====== DATA SUPPLIED ======

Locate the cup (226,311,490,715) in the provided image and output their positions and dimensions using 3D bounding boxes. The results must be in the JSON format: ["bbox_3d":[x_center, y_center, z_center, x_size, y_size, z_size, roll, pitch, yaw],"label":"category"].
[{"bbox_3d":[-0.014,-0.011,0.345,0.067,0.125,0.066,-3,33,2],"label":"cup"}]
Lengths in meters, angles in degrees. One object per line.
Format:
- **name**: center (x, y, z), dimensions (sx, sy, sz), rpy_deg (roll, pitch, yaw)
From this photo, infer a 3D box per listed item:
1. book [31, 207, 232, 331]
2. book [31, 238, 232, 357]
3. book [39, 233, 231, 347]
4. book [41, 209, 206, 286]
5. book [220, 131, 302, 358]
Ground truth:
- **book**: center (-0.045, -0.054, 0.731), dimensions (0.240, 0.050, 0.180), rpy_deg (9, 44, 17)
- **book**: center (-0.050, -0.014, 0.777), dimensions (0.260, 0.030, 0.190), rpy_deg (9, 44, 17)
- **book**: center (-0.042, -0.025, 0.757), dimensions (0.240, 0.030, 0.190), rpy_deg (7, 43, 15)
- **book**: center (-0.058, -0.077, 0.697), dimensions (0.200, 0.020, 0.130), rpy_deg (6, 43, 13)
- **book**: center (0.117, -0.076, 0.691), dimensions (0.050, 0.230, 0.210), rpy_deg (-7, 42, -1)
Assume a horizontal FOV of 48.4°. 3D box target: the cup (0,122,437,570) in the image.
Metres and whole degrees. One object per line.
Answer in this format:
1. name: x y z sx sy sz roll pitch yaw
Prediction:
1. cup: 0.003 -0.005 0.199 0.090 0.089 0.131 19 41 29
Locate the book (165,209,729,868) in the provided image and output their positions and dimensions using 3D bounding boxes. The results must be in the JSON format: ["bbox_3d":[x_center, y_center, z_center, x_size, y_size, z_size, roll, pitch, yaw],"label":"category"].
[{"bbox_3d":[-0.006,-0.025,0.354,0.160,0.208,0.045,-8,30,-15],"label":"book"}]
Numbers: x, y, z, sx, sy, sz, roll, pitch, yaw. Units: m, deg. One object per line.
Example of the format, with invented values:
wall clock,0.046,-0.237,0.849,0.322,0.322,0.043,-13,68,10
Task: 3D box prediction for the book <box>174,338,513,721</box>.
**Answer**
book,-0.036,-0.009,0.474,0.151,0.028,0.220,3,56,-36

======

• _WHAT IS NEEDED_
Reproduce, word for word and in full, only the lines above that start at the line with "Locate the book" and run through the line with "Numbers: x, y, z, sx, sy, sz, roll, pitch, yaw.", both ends included.

• _RESULT_
Locate the book (165,209,729,868) in the provided image and output their positions and dimensions using 3D bounding boxes. The results must be in the JSON format: ["bbox_3d":[x_center, y_center, z_center, x_size, y_size, z_size, roll, pitch, yaw],"label":"category"].
[{"bbox_3d":[-0.006,-0.025,0.354,0.160,0.208,0.045,-8,30,-15],"label":"book"}]
Numbers: x, y, z, sx, sy, sz, roll, pitch, yaw. Units: m, deg. One object per line.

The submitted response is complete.